Data items
== Segment start ==
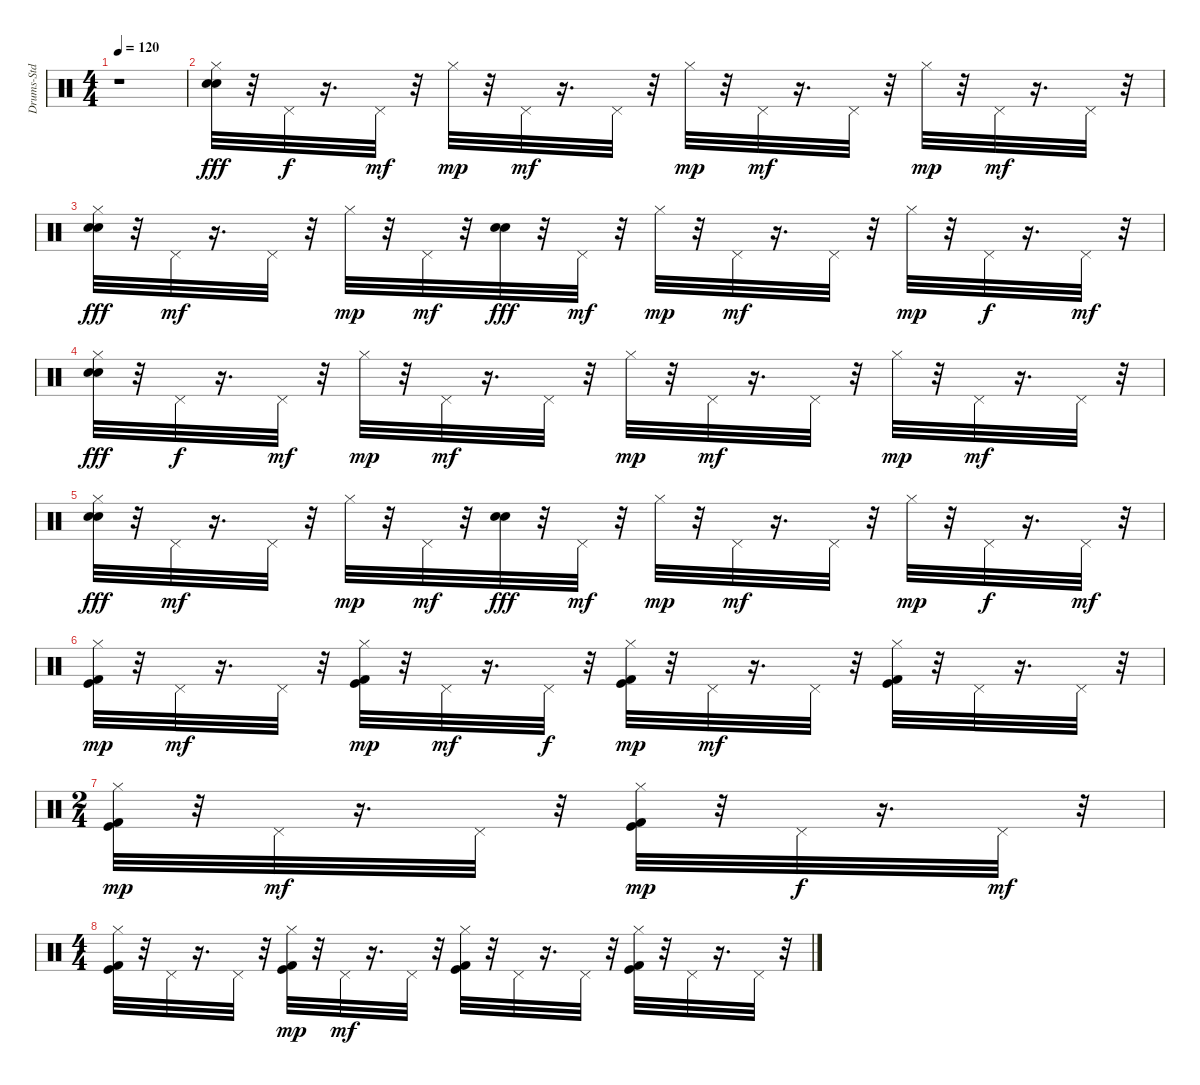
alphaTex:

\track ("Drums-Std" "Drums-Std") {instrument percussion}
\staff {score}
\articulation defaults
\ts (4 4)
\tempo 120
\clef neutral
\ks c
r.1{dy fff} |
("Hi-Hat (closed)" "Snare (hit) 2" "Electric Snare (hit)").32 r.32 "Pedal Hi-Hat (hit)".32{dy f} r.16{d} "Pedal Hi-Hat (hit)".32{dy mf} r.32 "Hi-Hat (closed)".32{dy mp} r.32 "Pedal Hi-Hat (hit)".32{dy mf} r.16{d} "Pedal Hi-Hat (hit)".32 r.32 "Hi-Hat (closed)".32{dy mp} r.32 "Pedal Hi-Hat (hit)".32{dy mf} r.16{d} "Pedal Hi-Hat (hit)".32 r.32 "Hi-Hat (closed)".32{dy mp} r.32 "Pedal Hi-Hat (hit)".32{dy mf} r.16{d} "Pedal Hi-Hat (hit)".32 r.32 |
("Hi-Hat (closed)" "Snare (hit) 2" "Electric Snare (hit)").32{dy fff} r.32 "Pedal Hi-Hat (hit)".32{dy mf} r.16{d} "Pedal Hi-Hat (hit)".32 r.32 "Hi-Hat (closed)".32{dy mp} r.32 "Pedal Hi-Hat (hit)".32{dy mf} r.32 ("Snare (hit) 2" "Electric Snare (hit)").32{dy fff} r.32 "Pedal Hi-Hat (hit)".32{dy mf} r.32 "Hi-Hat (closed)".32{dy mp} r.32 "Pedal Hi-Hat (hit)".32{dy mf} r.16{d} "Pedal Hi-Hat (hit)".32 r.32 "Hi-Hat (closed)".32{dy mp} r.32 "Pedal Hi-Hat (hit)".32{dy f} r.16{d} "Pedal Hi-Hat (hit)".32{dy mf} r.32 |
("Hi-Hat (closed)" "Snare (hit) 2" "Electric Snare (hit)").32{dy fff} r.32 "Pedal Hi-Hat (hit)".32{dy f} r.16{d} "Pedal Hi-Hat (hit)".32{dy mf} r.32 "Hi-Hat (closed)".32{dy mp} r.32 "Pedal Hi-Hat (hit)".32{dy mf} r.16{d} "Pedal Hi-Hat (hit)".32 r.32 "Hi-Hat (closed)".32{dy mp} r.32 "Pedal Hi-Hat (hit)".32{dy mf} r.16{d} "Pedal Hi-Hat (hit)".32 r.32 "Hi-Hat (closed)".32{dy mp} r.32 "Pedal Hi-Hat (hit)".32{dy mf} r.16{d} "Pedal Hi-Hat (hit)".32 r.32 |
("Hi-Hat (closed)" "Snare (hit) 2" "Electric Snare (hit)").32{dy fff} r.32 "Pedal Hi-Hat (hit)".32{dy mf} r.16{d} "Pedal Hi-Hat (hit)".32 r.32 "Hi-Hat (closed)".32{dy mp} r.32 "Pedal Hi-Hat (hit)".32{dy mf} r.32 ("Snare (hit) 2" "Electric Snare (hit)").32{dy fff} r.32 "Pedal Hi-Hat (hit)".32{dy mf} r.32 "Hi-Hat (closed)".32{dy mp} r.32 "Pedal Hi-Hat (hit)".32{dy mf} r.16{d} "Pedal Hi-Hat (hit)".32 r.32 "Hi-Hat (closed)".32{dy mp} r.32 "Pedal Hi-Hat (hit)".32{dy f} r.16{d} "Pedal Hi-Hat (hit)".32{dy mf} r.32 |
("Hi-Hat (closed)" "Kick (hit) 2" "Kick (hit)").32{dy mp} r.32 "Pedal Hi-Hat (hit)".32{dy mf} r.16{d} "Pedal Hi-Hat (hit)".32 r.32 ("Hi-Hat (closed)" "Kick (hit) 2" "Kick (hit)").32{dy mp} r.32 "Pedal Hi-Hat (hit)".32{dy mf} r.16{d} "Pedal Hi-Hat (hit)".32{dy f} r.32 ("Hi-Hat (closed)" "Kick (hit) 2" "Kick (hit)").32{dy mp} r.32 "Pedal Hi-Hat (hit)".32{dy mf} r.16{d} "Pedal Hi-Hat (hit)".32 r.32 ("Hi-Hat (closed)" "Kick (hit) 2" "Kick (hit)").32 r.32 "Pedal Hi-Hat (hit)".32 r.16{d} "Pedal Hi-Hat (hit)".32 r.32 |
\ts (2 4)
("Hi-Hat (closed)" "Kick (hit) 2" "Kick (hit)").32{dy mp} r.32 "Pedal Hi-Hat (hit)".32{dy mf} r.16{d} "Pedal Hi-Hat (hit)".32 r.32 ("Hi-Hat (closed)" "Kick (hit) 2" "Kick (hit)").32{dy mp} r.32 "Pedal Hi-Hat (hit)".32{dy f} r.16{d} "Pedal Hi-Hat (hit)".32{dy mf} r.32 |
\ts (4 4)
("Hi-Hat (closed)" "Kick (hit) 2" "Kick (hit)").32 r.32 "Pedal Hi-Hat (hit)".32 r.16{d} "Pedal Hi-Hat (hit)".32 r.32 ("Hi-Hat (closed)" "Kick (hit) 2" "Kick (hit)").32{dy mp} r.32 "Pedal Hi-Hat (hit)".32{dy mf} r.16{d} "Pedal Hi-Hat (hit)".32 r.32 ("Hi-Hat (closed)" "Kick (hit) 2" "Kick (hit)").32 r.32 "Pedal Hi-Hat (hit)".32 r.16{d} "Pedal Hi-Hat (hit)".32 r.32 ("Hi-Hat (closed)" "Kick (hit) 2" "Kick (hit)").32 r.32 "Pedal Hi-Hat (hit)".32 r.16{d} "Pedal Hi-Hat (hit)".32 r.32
== Segment end ==
● REQUIRED WORK:
Each record needs to be reproduced exactly, and no image should be carried over.

● ANSWER BOX:
alphaTex:

\track ("Drums-Std" "Drums-Std") {instrument percussion}
\staff {score}
\articulation defaults
\ts (4 4)
\tempo 120
\clef neutral
\ks c
r.1{dy fff} |
("Hi-Hat (closed)" "Snare (hit) 2" "Electric Snare (hit)").32 r.32 "Pedal Hi-Hat (hit)".32{dy f} r.16{d} "Pedal Hi-Hat (hit)".32{dy mf} r.32 "Hi-Hat (closed)".32{dy mp} r.32 "Pedal Hi-Hat (hit)".32{dy mf} r.16{d} "Pedal Hi-Hat (hit)".32 r.32 "Hi-Hat (closed)".32{dy mp} r.32 "Pedal Hi-Hat (hit)".32{dy mf} r.16{d} "Pedal Hi-Hat (hit)".32 r.32 "Hi-Hat (closed)".32{dy mp} r.32 "Pedal Hi-Hat (hit)".32{dy mf} r.16{d} "Pedal Hi-Hat (hit)".32 r.32 |
("Hi-Hat (closed)" "Snare (hit) 2" "Electric Snare (hit)").32{dy fff} r.32 "Pedal Hi-Hat (hit)".32{dy mf} r.16{d} "Pedal Hi-Hat (hit)".32 r.32 "Hi-Hat (closed)".32{dy mp} r.32 "Pedal Hi-Hat (hit)".32{dy mf} r.32 ("Snare (hit) 2" "Electric Snare (hit)").32{dy fff} r.32 "Pedal Hi-Hat (hit)".32{dy mf} r.32 "Hi-Hat (closed)".32{dy mp} r.32 "Pedal Hi-Hat (hit)".32{dy mf} r.16{d} "Pedal Hi-Hat (hit)".32 r.32 "Hi-Hat (closed)".32{dy mp} r.32 "Pedal Hi-Hat (hit)".32{dy f} r.16{d} "Pedal Hi-Hat (hit)".32{dy mf} r.32 |
("Hi-Hat (closed)" "Snare (hit) 2" "Electric Snare (hit)").32{dy fff} r.32 "Pedal Hi-Hat (hit)".32{dy f} r.16{d} "Pedal Hi-Hat (hit)".32{dy mf} r.32 "Hi-Hat (closed)".32{dy mp} r.32 "Pedal Hi-Hat (hit)".32{dy mf} r.16{d} "Pedal Hi-Hat (hit)".32 r.32 "Hi-Hat (closed)".32{dy mp} r.32 "Pedal Hi-Hat (hit)".32{dy mf} r.16{d} "Pedal Hi-Hat (hit)".32 r.32 "Hi-Hat (closed)".32{dy mp} r.32 "Pedal Hi-Hat (hit)".32{dy mf} r.16{d} "Pedal Hi-Hat (hit)".32 r.32 |
("Hi-Hat (closed)" "Snare (hit) 2" "Electric Snare (hit)").32{dy fff} r.32 "Pedal Hi-Hat (hit)".32{dy mf} r.16{d} "Pedal Hi-Hat (hit)".32 r.32 "Hi-Hat (closed)".32{dy mp} r.32 "Pedal Hi-Hat (hit)".32{dy mf} r.32 ("Snare (hit) 2" "Electric Snare (hit)").32{dy fff} r.32 "Pedal Hi-Hat (hit)".32{dy mf} r.32 "Hi-Hat (closed)".32{dy mp} r.32 "Pedal Hi-Hat (hit)".32{dy mf} r.16{d} "Pedal Hi-Hat (hit)".32 r.32 "Hi-Hat (closed)".32{dy mp} r.32 "Pedal Hi-Hat (hit)".32{dy f} r.16{d} "Pedal Hi-Hat (hit)".32{dy mf} r.32 |
("Hi-Hat (closed)" "Kick (hit) 2" "Kick (hit)").32{dy mp} r.32 "Pedal Hi-Hat (hit)".32{dy mf} r.16{d} "Pedal Hi-Hat (hit)".32 r.32 ("Hi-Hat (closed)" "Kick (hit) 2" "Kick (hit)").32{dy mp} r.32 "Pedal Hi-Hat (hit)".32{dy mf} r.16{d} "Pedal Hi-Hat (hit)".32{dy f} r.32 ("Hi-Hat (closed)" "Kick (hit) 2" "Kick (hit)").32{dy mp} r.32 "Pedal Hi-Hat (hit)".32{dy mf} r.16{d} "Pedal Hi-Hat (hit)".32 r.32 ("Hi-Hat (closed)" "Kick (hit) 2" "Kick (hit)").32 r.32 "Pedal Hi-Hat (hit)".32 r.16{d} "Pedal Hi-Hat (hit)".32 r.32 |
\ts (2 4)
("Hi-Hat (closed)" "Kick (hit) 2" "Kick (hit)").32{dy mp} r.32 "Pedal Hi-Hat (hit)".32{dy mf} r.16{d} "Pedal Hi-Hat (hit)".32 r.32 ("Hi-Hat (closed)" "Kick (hit) 2" "Kick (hit)").32{dy mp} r.32 "Pedal Hi-Hat (hit)".32{dy f} r.16{d} "Pedal Hi-Hat (hit)".32{dy mf} r.32 |
\ts (4 4)
("Hi-Hat (closed)" "Kick (hit) 2" "Kick (hit)").32 r.32 "Pedal Hi-Hat (hit)".32 r.16{d} "Pedal Hi-Hat (hit)".32 r.32 ("Hi-Hat (closed)" "Kick (hit) 2" "Kick (hit)").32{dy mp} r.32 "Pedal Hi-Hat (hit)".32{dy mf} r.16{d} "Pedal Hi-Hat (hit)".32 r.32 ("Hi-Hat (closed)" "Kick (hit) 2" "Kick (hit)").32 r.32 "Pedal Hi-Hat (hit)".32 r.16{d} "Pedal Hi-Hat (hit)".32 r.32 ("Hi-Hat (closed)" "Kick (hit) 2" "Kick (hit)").32 r.32 "Pedal Hi-Hat (hit)".32 r.16{d} "Pedal Hi-Hat (hit)".32 r.32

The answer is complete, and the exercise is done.